Lari dari Godaan (Hari 21)

Baca: Kejadian 39:3-12

Lari dari Godaan

Yusuf adalah tipe cowok dambaan para wanita. Selain punya jabatan tinggi, keuangan yang terjamin, ia juga seorang pemuda yang tampan (ay. 6b). Semua cowok pasti ingin menjadi seperti Yusuf. Namun perhatikanlah teman-teman, tiba-tiba Yusuf mendapatkan sebuah godaan, yakni isteri tuannya mengajaknya “tidur” (melakukan hubungan seksual, ay 7, 11-12). Sebenarnya Yusuf bisa saja menerima godaan Isteri tuannya karena tidak ada orang yang melihat perihal ini sama sekali. Namun Yusuf tidak melakukannya, ia menyadari itu perbuatan dosa dihadapan Allah, hingga kemudian ia lari dari godaan itu. Ya, dia lari. Yusuf bukan menghindari pelan-pelan tetapi berlari! (ay 12b). Berlari dari godaan menjadi bukti bahwa Yusuf taat kepada Allah.

Teman-teman,  banyak godaan seksual disekitar kita, entah secara langsung maupun tidak langsung. Jika kita berpacaran dengan orang yang tidak dewasa rohani, ada kemungkinan dia akan meminta kita melakukan hal itu (perilaku seksual diluar pernikahan). Namun bisa juga kita digoda melalui media sosial, entah dikemas dalam bentuk komik, humor, akun remaja; atau melalui Film, buku-buku, dan sebagainya. Pornografi ada dimana-mana. Maukah meneladani Yusuf? Ketika ada godaan bukan menghindar pelan-pelan, tetapi BERLARI meninggalkan sejauh-jauhnya.

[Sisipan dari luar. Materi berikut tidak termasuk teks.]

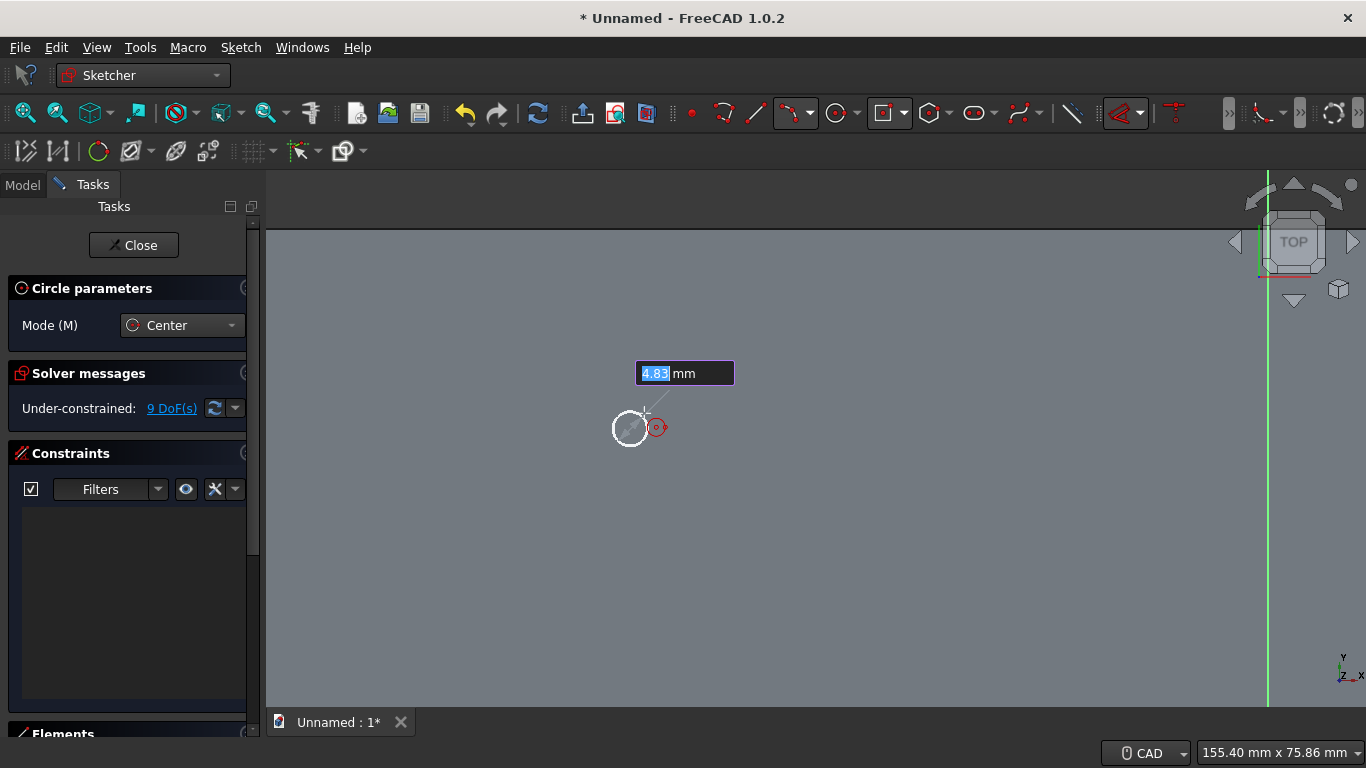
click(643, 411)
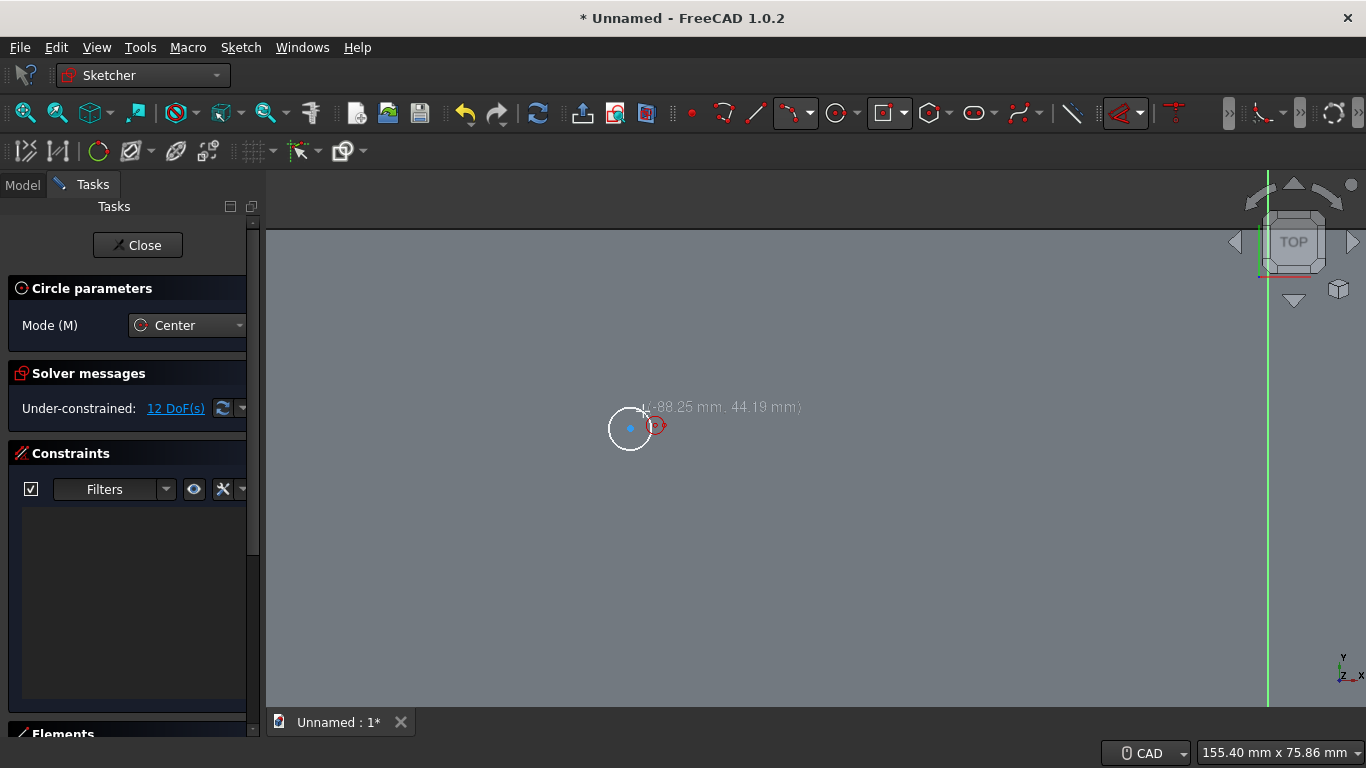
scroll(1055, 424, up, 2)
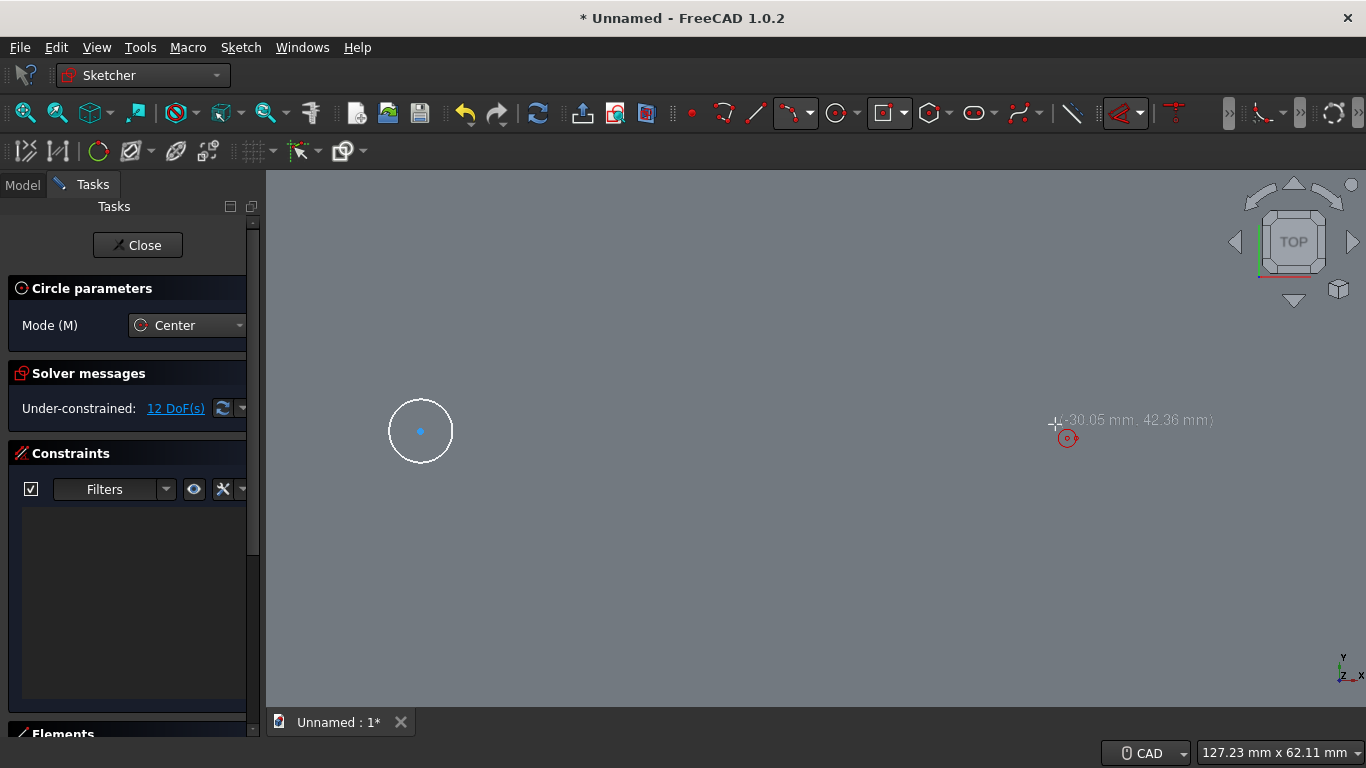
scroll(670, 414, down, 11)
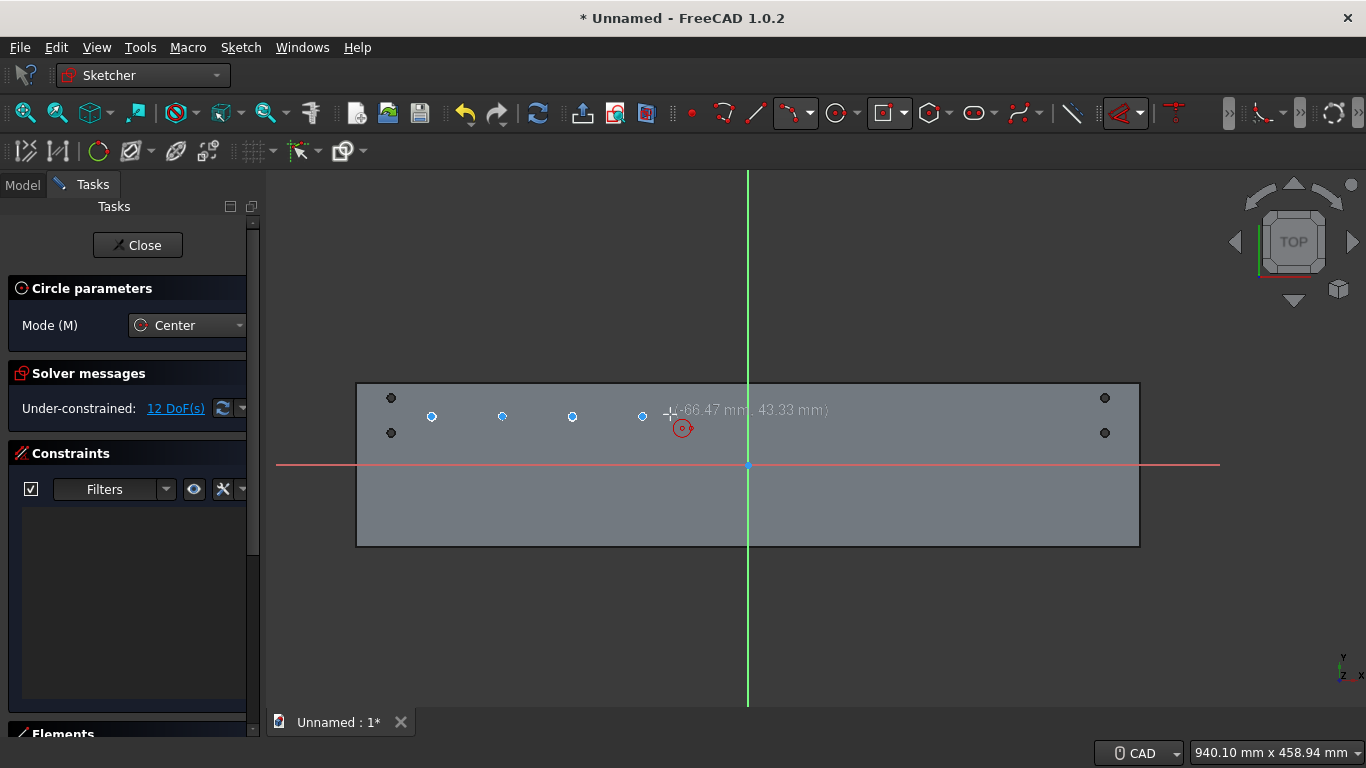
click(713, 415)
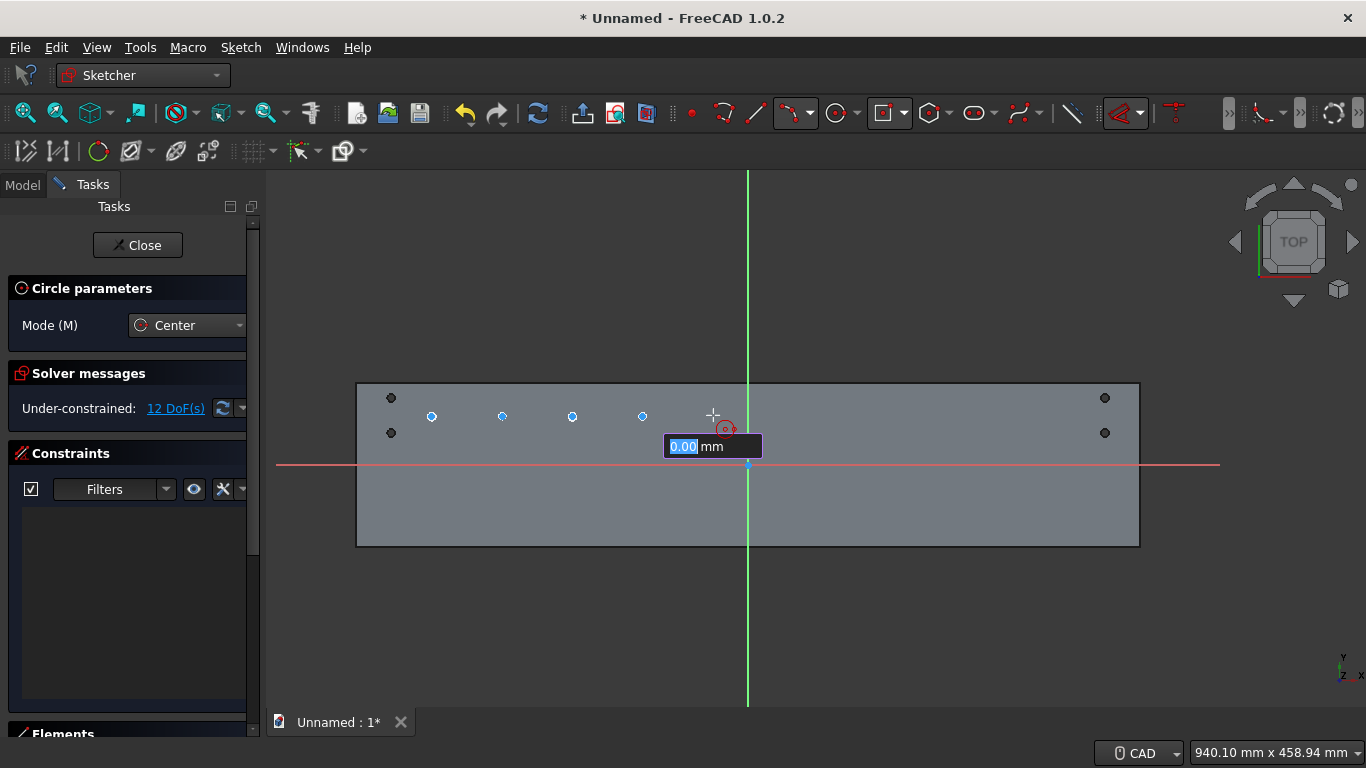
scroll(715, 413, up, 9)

Jangan menonton film yang mengandung unsur pornografi (adegan intim, kissing, dan sebagainya), lebih baik kita tidak follow akun-akun media sosial / artis / selebgram yg juga membagikan hal-hal yg tidak sepantasnya. Tidak bersama dengan mereka yang mencintai pornografi, bukan berarti memusuhi mereka, tetapi jika kita tidak kuat maka bukannya kita jadi berkat justru kita yang tergoda. Melekatlah kepada Kristus. Mintalah pertolongan pada-Nya agar kita dapat lari dari godaan.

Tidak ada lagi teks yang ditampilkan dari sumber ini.